Second question, when I floored it, it didn't feel super powerful, but when I looked at the speedometer I realized I was already going pretty fast. Does the car feel good on the freeways and such? Get up mountains and pass cars pretty easily? I'm thinking it might have just been how quiet the car was.

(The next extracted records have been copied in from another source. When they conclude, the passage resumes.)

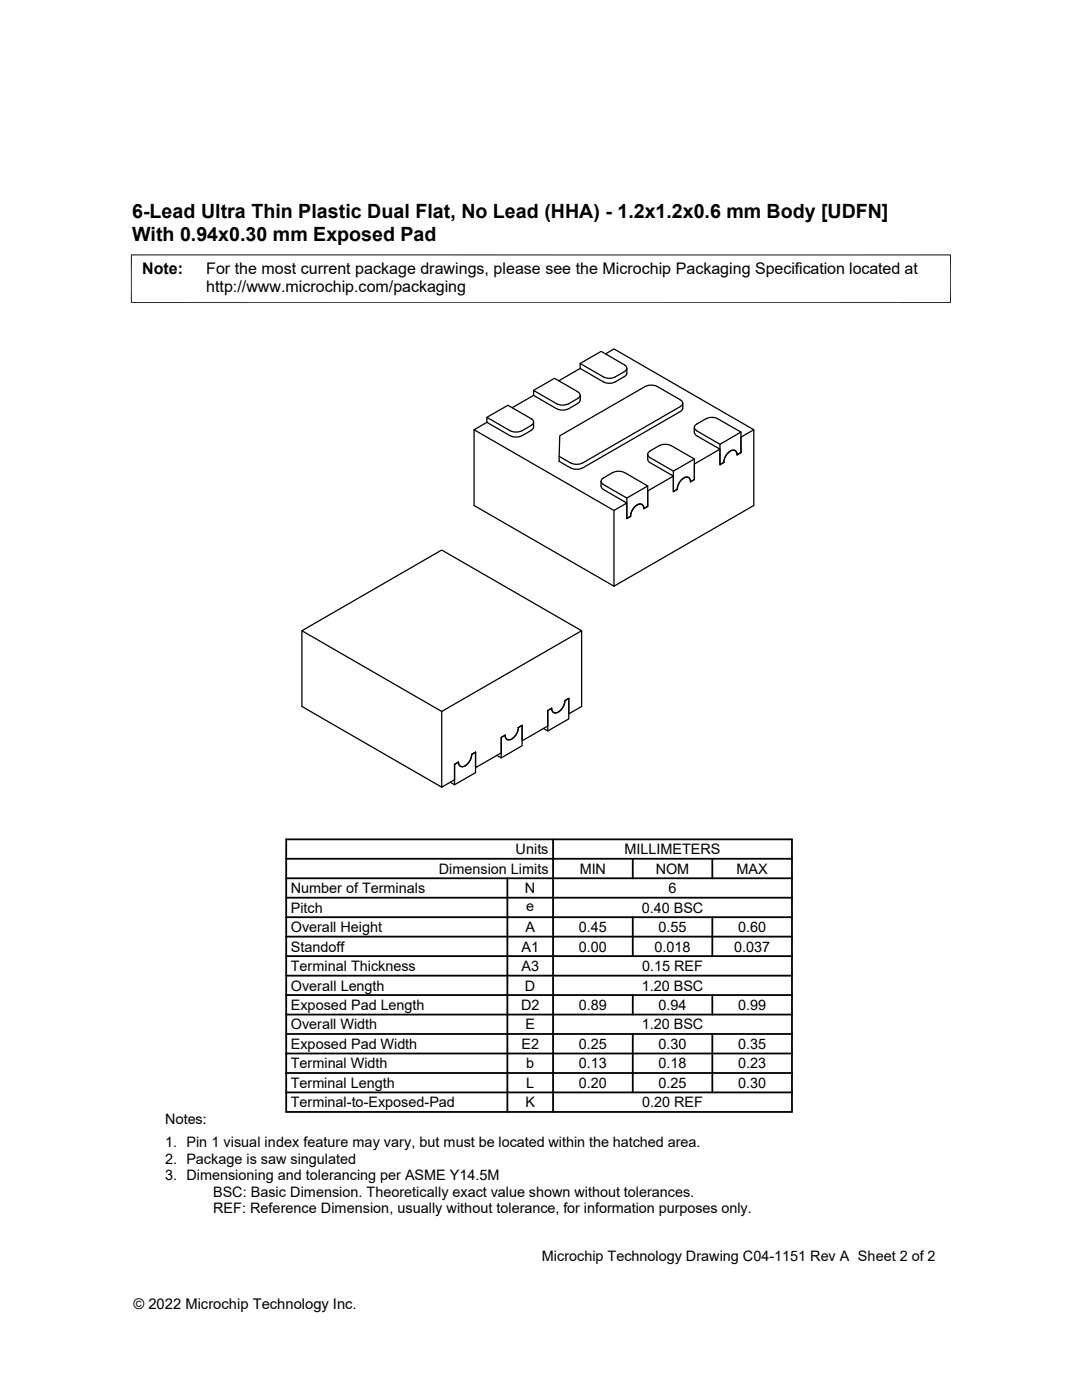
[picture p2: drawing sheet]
<svg xmlns="http://www.w3.org/2000/svg" width="216mm" height="279mm" viewBox="0 0 216 279" stroke-linecap="round" stroke-linejoin="round" font-family="sans-serif">
<defs><g id="words">
<g font-size="3.9">
<text x="26.4" y="43.5">6-Lead Ultra Thin Plastic Dual Flat, No Lead (HHA) - 1.2x1.2x0.6 mm Body [UDFN]</text>
<text x="26.4" y="48">With 0.94x0.30 mm Exposed Pad</text>
</g>
<g font-size="3.2">
<text x="28.4" y="54.6">Note:</text>
<text x="41.1" y="58.3">http://www.microchip.com/packaging</text>
<text x="41.1" y="54.6">For the most current package drawings, please see the Microchip Packaging Specification located at</text>
</g>
<g font-size="2.9">
<text x="102.9" y="170.5">Units</text>
<text x="124.6" y="170.5">MILLIMETERS</text>
<text x="58" y="178.2">Number of Terminals</text>
<text x="87.6" y="174.4">Dimension Limits</text>
<text x="104.8" y="178.2">N</text>
<text x="115.7" y="174.4">MIN</text>
<text x="130.8" y="174.4">NOM</text>
<text x="133.4" y="178.2">6</text>
<text x="147" y="174.4">MAX</text>
<text x="58" y="182.1">Pitch</text>
<text x="105" y="181.8">e</text>
<text x="128" y="182.1">0.40 BSC</text>
<text x="58" y="186">Overall Height</text>
<text x="58" y="189.9">Standoff</text>
<text x="104.1" y="189.9">A1</text>
<text x="104.8" y="186">A</text>
<text x="115.5" y="186">0.45</text>
<text x="115.5" y="189.9">0.00</text>
<text x="130.6" y="189.9">0.018</text>
<text x="131.4" y="186">0.55</text>
<text x="146.5" y="189.9">0.037</text>
<text x="147.3" y="186">0.60</text>
<text x="58" y="193.8">Terminal Thickness</text>
<text x="58" y="197.7">Overall Length</text>
<text x="104.1" y="193.8">A3</text>
<text x="104.8" y="197.7">D</text>
<text x="128" y="197.7">1.20 BSC</text>
<text x="128.1" y="193.8">0.15 REF</text>
<text x="58" y="201.6">Exposed Pad Length</text>
<text x="104" y="201.6">D2</text>
<text x="115.5" y="201.6">0.89</text>
<text x="131.4" y="201.6">0.94</text>
<text x="147.3" y="201.6">0.99</text>
<text x="58" y="205.4">Overall Width</text>
<text x="58" y="209.3">Exposed Pad Width</text>
<text x="104" y="209.3">E2</text>
<text x="104.8" y="205.4">E</text>
<text x="115.5" y="209.3">0.25</text>
<text x="128" y="205.4">1.20 BSC</text>
<text x="131.4" y="209.3">0.30</text>
<text x="147.3" y="209.3">0.35</text>
<text x="58" y="213.2">Terminal Width</text>
<text x="105" y="213.2">b</text>
<text x="115.5" y="213.2">0.13</text>
<text x="131.4" y="213.2">0.18</text>
<text x="147.3" y="213.2">0.23</text>
<text x="58" y="217.1">Terminal Length</text>
<text x="58" y="221">Terminal-to-Exposed-Pad</text>
<text x="104.8" y="221">K</text>
<text x="105" y="217.1">L</text>
<text x="115.5" y="217.1">0.20</text>
<text x="128.1" y="221">0.20 REF</text>
<text x="131.4" y="217.1">0.25</text>
<text x="147.3" y="217.1">0.30</text>
<text x="32.9" y="224.3">Notes:</text>
<text x="32.9" y="228.9">1. Pin 1 visual index feature may vary, but must be located within the hatched area.</text>
<text x="32.9" y="232.2">2. Package is saw singulated</text>
<text x="32.9" y="235.5">3. Dimensioning and tolerancing per ASME Y14.5M</text>
<text x="42.5" y="238.8">BSC: Basic Dimension. Theoretically exact value shown without tolerances.</text>
<text x="42.5" y="242.2">REF: Reference Dimension, usually without tolerance, for information purposes only.</text>
<text x="108.1" y="251.7">Microchip Technology Drawing C04-1151 Rev A Sheet 2 of 2</text>
<text x="26.6" y="261.3">© 2022 Microchip Technology Inc.</text>
</g>
</g></defs>
<g fill="none" stroke="#000" stroke-width=".25">
<path d="M106.5 77.9l4.1-2.4 4.7 2.7M106.5 78.9l-4.3 2.5M106.5 78.9v-1l4.6 2.7M106.5 78.9l4.6 2.7M115.3 78.2a.69 .69 0 0 1 .5 .7 .69 .69 0 0 1-.5 .6l-1.9 1.1M115.8 72.5l4.2-2.4 4.6 2.7a.7 .7 0 0 1 .5 .7 .7 .7 0 0 1-.5 .6M115.8 73.5l-4.3 2.5M115.8 73.5l4.6 2.7a2.51 2.51 0 0 0 2.3 0M115.8 73.5v-1l4.6 2.7a2.51 2.51 0 0 0 2.3 0M115.8 78.9v.9l-.3 .5-2.1 1.3M120.8 70.6l1.7-1 27.9 16.2-2.6 1.4v3.1M124.6 74.2l-1.9 1"/>
<path d="M125.1 73.5v1l-.2 .5-2.2 1.2M135.7 79.8a.69 .69 0 0 1 .5 .7 .69 .69 0 0 1-.5 .6M135.8 79.8l-4.7-2.7a2.51 2.51 0 0 0-2.3 0l-17.1 9.9-.1 5.1 2.3 1.3M94.6 85.8v15.1l27.9 16.1 27.9-16.1v-15.1M97.2 84.3l-2.6 1.5 27.9 16.1 2.6-1.5M97.2 83.3l4.1-2.4 4.7 2.7a.69 .69 0 0 1 .5 .6 .69 .69 0 0 1-.5 .7M97.2 84.3v-1l4.6 2.7M97.2 84.3l4.6 2.7M101.8 87a2.51 2.51 0 0 0 2.3 0M101.8 86a2.51 2.51 0 0 0 2.3 0M106 85.9l-1.9 1.1M106 84.9l-1.9 1.1"/>
<path d="M106.5 84.2l-.1 1.1-.4 .6M111.1 81.6a2.51 2.51 0 0 0 2.3 0M111.1 80.6a2.51 2.51 0 0 0 2.3 0M111.6 91.1l2.3 1.3M113.9 93.4a2.51 2.51 0 0 0 2.3 0M113.9 92.4a2.51 2.51 0 0 0 2.3 0M119.9 96v1M120 97l.1 .4 .3 .3M120.4 97.7l4.7 2.7v3.1M120.4 96.7l4.7 2.7M122.3 94.3l-1.9 1.1a.69 .69 0 0 0-.4 .6 .69 .69 0 0 0 .4 .7M122.3 94.3a2.51 2.51 0 0 1 2.3 0"/>
<path d="M124.6 94.3l4.6 2.7v4.1l-.7 .4 .7-.4v-3.1l5.2-3M129.2 90.7l.1 1.1 .4 .5M129.2 97l-4.1 2.4v4.1M129.7 90l1.9-1.1a2.51 2.51 0 0 1 2.3 0l4.7 2.7v4.1l-.8 .4M129.7 92.3l4.7 2.7v3.1M129.7 91.3l4.7 2.7M129.7 90a.69 .69 0 0 0-.5 .7 .69 .69 0 0 0 .5 .6M135.8 81.1l-19.6 11.3M135.8 82.1l-19.6 11.3M136.2 80.5v1.1l-.5 .5M137.8 96.1a.84 .84 0 0 0-.5-.9 .84 .84 0 0 0-1.1 .3 2.78 2.78 0 0 0-1.1 2.2l-.7 .4M138.5 85.3v1"/>
<path d="M138.6 86.3l.1 .4 .3 .3M138.6 91.6l-4.2 2.4v4.1M139 87l4.7 2.6v3.1M139 86l4.7 2.7M139 84.6a.69 .69 0 0 0-.4 .7 .69 .69 0 0 0 .4 .7M140.9 83.6l-1.9 1M140.9 83.6a2.51 2.51 0 0 1 2.3 0l4.6 2.6v4.1M143.7 89.6l-5.1 3v3.1l-.8 .4M147.1 90.8a.84 .84 0 0 0-.6-1 .84 .84 0 0 0-1 .3 2.78 2.78 0 0 0-1.1 2.2l-.7 .4M147.8 90.3l-.7 .5M147.8 86.2l-4.1 2.5v4M122.5 101.9v15.1"/>
<path d="M128.5 101.5a.84 .84 0 0 0-.6-.9 .84 .84 0 0 0-1 .3 2.78 2.78 0 0 0-1.1 2.1l-.7 .5M60.2 125.9l27.9-16.1 28 16.1-28 16.1zM60.2 125.9v15.1l27.9 16.1 2.6-1.5v-3.1l.8-.4-.8 .4v4.1l-.8-.5M112.7 139.8a2.38 2.38 0 0 1-2.1 2.5l-.4-.3-.1-.6M113.5 139.4v4.1l-4.2 2.4M113.5 139.4l-.8 .4M116.1 125.9v15.1l-2.6 1.5v-3.1M88.1 142v15.1M94.1 150.6a2.38 2.38 0 0 1-2.1 2.4l-.4-.3-.1-.6M94.9 150.1v4.1l-4.2 2.4M94.9 150.1l-.8 .5M100 147.2v3.1l-5.1 2.9v-3.1"/>
<path d="M100 147.2v4.1l-.9-.6M100.8 146.7l-.8 .5M104.2 144.8v4l-4.2 2.5M104.2 144.8l-.8 .4a2.38 2.38 0 0 1-2.1 2.4l-.4-.3-.1-.6M109.3 141.8v3.1l-5.1 2.9v-3M109.3 141.8v4.1l-.9-.5M110.1 141.4l-.8 .4"/>
</g>
<path d="M26.1 50.9h163.7M26.2 50.8v9.7M189.7 50.8v9.7M26.1 60.4h163.7" fill="none" stroke="#000" stroke-width=".2"/>
<g fill="none" stroke="#000" stroke-width=".36">
<path d="M57.1 179.2h100.9M57.1 175.3h100.9M57.1 171.4h100.9M57.1 167.5h100.9v54.4h-100.9zM101.2 175.3v46.6M110.4 167.5v54.4M126.3 171.4v3.9M142.1 171.4v3.9M57.1 186.9h100.9M57.1 183h100.9M57.1 198.6h100.9M57.1 194.7h100.9"/>
<path d="M57.1 190.8h100.9M126.3 183v7.8M126.3 198.6v3.9M142.1 183v7.8M142.1 198.6v3.9M57.1 214.1h100.9M57.1 206.4h100.9M57.1 202.5h100.9M57.1 210.2h100.9M57.1 218h100.9M126.3 206.4v11.6M142.1 206.4v11.6"/>
</g>
<use href="#words"/>
</svg>

Any help would be greatly appreciated


----------



## bigbee60 (Nov 24, 2010)

I picked my car up last Friday (ordered 11/12/2010). It is a LT2 RS with 16" alloy wheels, but the same Firestone 60 series FR710 tires and front disc/rear drum brakes with regular suspension as on the LS and LT1 models with steel wheels. Before ordering the car I had driven for a week an LTZ model which comes with the 18" alloy rims shod with 45 series Michelin Pilot tires, sport suspension, and four wheel disc brakes. The LT2 17" wheel package also has the sport suspension, and four wheel disc brakes with 50 series tires (Goodyear on the model I test drove). I also test drove an LT1 with 16" steel wheels in my shopping phase and at a Chevy ride and drive event.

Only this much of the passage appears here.